One exceptional leader I work with describes his purpose this way: “Creating a better world for others, where they can use their talents to fulfill their calling.” That sentence lives on his wall, shows up in his decisions, and shapes how he responds when the selfish option presents itself—as it does, every day, for every leader.

“The servant leader’s highest priority is service to others in order to fulfill their needs, rather than fulfilling their own.”
  — Robert K. Greenleaf — coined “Servant Leadership,” 1970

What Great Leadership Actually Looks Like in Practice

Purpose-driven leadership isn’t abstract or soft. It’s concrete, observable behavior. It looks like a weekly one-on-one where you ask about obstacles—not just updates. It looks like advocating for a team member’s promotion before your own raise. It looks like asking “what’s in your way?” instead of “why isn’t this done?”

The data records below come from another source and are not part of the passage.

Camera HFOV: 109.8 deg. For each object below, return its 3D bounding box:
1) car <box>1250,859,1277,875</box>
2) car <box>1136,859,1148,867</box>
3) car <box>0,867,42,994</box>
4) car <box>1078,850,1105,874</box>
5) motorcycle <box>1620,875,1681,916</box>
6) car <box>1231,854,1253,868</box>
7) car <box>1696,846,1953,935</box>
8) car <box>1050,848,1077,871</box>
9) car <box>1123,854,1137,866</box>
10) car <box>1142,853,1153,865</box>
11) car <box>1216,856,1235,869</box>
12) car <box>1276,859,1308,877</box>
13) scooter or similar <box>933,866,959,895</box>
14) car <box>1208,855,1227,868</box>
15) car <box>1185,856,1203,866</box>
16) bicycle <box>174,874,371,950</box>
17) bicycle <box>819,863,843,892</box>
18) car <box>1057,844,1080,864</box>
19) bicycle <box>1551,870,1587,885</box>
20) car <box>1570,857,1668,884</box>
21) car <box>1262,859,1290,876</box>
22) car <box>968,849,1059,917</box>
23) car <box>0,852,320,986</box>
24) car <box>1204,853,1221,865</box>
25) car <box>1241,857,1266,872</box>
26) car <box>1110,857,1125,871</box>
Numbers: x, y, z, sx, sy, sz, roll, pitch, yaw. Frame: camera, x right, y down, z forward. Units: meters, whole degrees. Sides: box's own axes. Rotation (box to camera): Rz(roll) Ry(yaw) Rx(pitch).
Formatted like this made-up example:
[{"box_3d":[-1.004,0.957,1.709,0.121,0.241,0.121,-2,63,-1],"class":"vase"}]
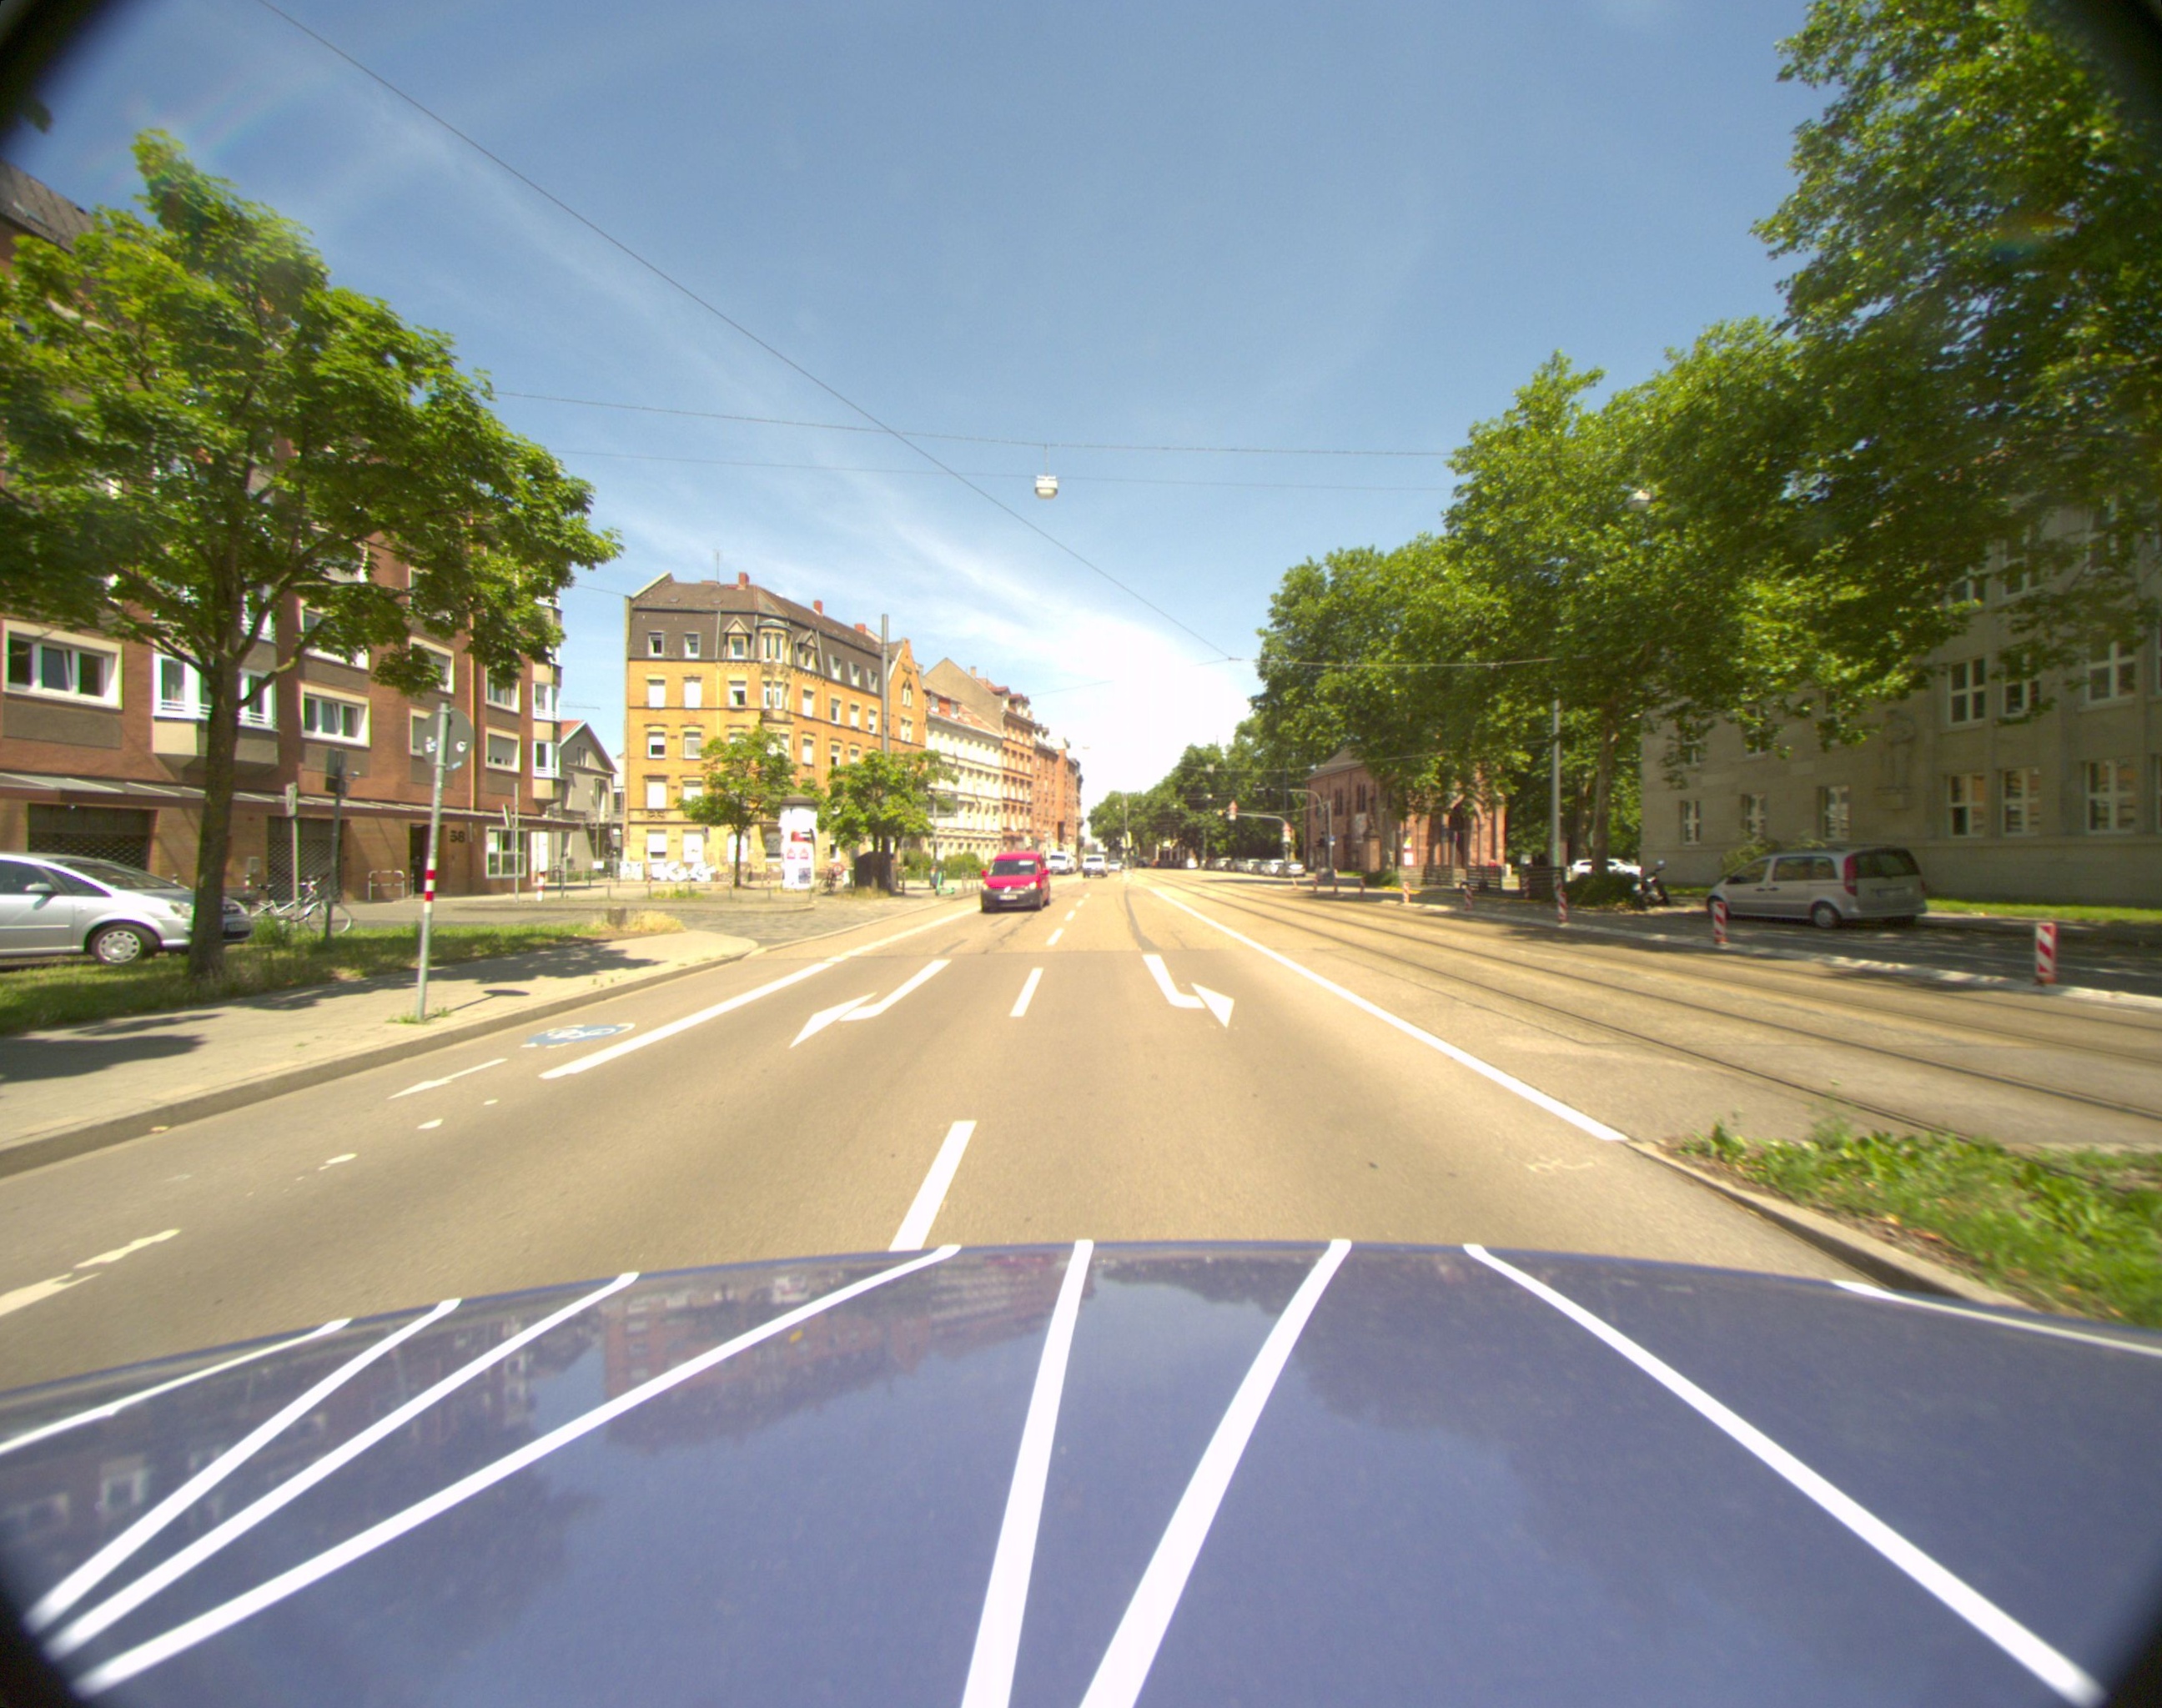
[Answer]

It means understanding what each person on your team is actually good at, then building situations where those strengths are put to work. And most critically: removing barriers. The most powerful thing a leader can do on any given day is identify what’s preventing their people from doing great work—and then fix it. That’s leadership. Everything else is administration.

Three Practices to Break the Selfish Pattern

Knowing you’re selfish isn’t enough. Every leader is, to some degree. What distinguishes extraordinary leaders is the active, ongoing practice of self-regulation. Here’s how to build it:

  1. Foundation: Define your purpose, in writing. Your purpose must be specific enough to guide a decision. Push until it’s a sentence you’d be willing to read aloud to your team. If you can’t define it, your selfish default is running on autopilot.

  2. Awareness: Name your selfish patterns. Selfishness in leaders is rarely obvious. It shows up as talking too much in meetings, reluctance to give credit, and protecting your own time at the expense of your team’s development. You cannot change what you cannot see.

  3. Practice: Reflect, Journal, and seek real feedback. End each week with one question: Where did I put someone else’s needs ahead of mine—and where did I fail to? Add external feedback from a trusted peer who will tell you what your direct reports won’t.

THE MIRROR QUESTIONS

  • Purpose check: Can you state your leadership purpose in one clear sentence — one that’s entirely about what you create for others, not what leadership gives to you?

  • Pattern check: In the last week, where did selfishness show up in your decisions? A meeting you dominated? Credit you kept? A hard conversation you avoided?

  • Action check: What is one barrier you can remove for a team member today? What’s stopping you from removing it right now?